Vercel's MCP server is built on mcp-on-vercel, a template that demonstrates the full production deployment pattern. The server exposes Vercel API operations and is used as a reference implementation for the @vercel/mcp-adapter package.

// Vercel's pattern: domain operations with auth-gated registration
export function registerDeploymentTools(
  server: McpServer,
  config: { token: string; teamId?: string }
): void {
  server.tool(
    "vercel_list_deployments",
    "Lists recent deployments for a project. Returns deployment URLs, statuses, and git metadata.",
    {
      project_id: z.string().describe("The Vercel project ID"),
      limit: z
        .number()
        .int()
        .min(1)
        .max(100)
        .optional()
        .default(20)
        .describe("Number of deployments to return (default 20, max 100)"),
    },
    {
      annotations: { readOnlyHint: true, openWorldHint: true },
    },
    async ({ project_id, limit }) => {
      const res = await fetch(
        `https://api.vercel.com/v6/deployments?projectId=${project_id}&limit=${limit}`,
        {
          headers: {
            Authorization: `Bearer ${config.token}`,
            ...(config.teamId ? { "x-vercel-team-id": config.teamId } : {}),
          },
        }
      );

      if (!res.ok) {
        return {
          isError: true,
          content: [{ type: "text", text: await res.text() }],
        };
      }

      const data = await res.json();
      return {
        content: [{
          type: "text",
          text: JSON.stringify(
            data.deployments.map((d: any) => ({
              id: d.uid,
              url: d.url,
              state: d.state,
              created_at: d.created,
              git_branch: d.meta?.githubCommitRef,
              git_message: d.meta?.githubCommitMessage,
            }))
          ),
        }],
      };
    }
  );
}

The lean response pattern is clear here: rather than returning the full Vercel API response (which includes dozens of fields per deployment), only the fields an agent acts on are returned.

Patterns They All Share

Reviewing GitHub, Stripe, and Vercel's approaches reveals five consistent patterns:

1. Domain grouping. Tools are organized by domain entity (repos, issues, deployments) rather than by operation type. This maps to how agents think — "I need to do something with invoices" routes to the invoices group.

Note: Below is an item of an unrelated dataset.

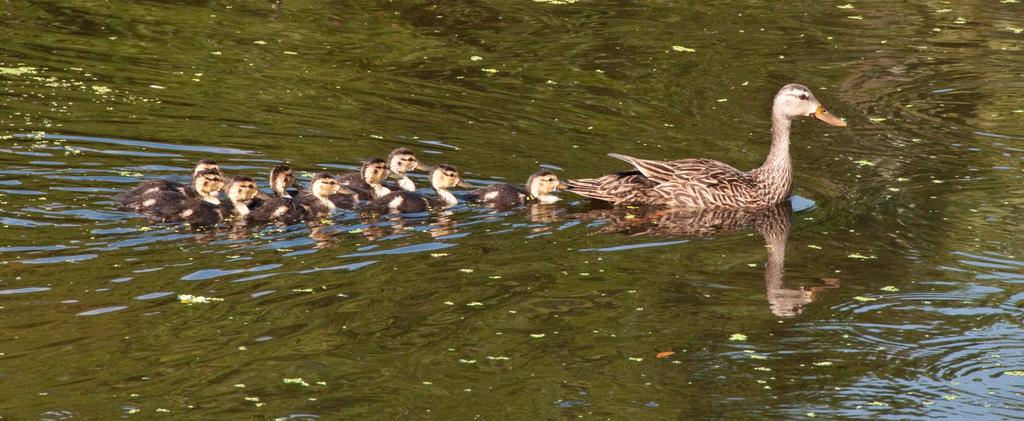What type of animal is present in the image? There is a duck in the image. Are there any other animals related to the duck in the image? Yes, there are ducklings in the image. Where are the duck and ducklings located? The duck and ducklings are on the water. What is the opinion of the duck about the ocean in the image? There is no indication of the duck's opinion about the ocean in the image, as the image does not depict an ocean.

2. Auth flexibility. All three support multiple authentication strategies, selected at startup via environment variables. No authentication method is hardcoded into the tool implementation.

3. Selective tool exposure. None of them expose their full API surface. GitHub has a --read-only flag and toolsets. Stripe has configuration.actions. Vercel has scope-gated registration. Agents get exactly the tools they need for the task at hand.

4. Env-driven configuration. Every behavioral variation — which tools to enable, which permissions to grant, which API endpoint to target — is controlled by environment variables. The server binary is environment-agnostic.

5. Lean responses. Tool responses return the minimum fields needed for the agent to proceed. Full API responses are never passed through directly.

These patterns are not incidental. They emerge from operating MCP servers at scale, with real agents, and observing where failures occur. They are worth adopting even for small internal servers.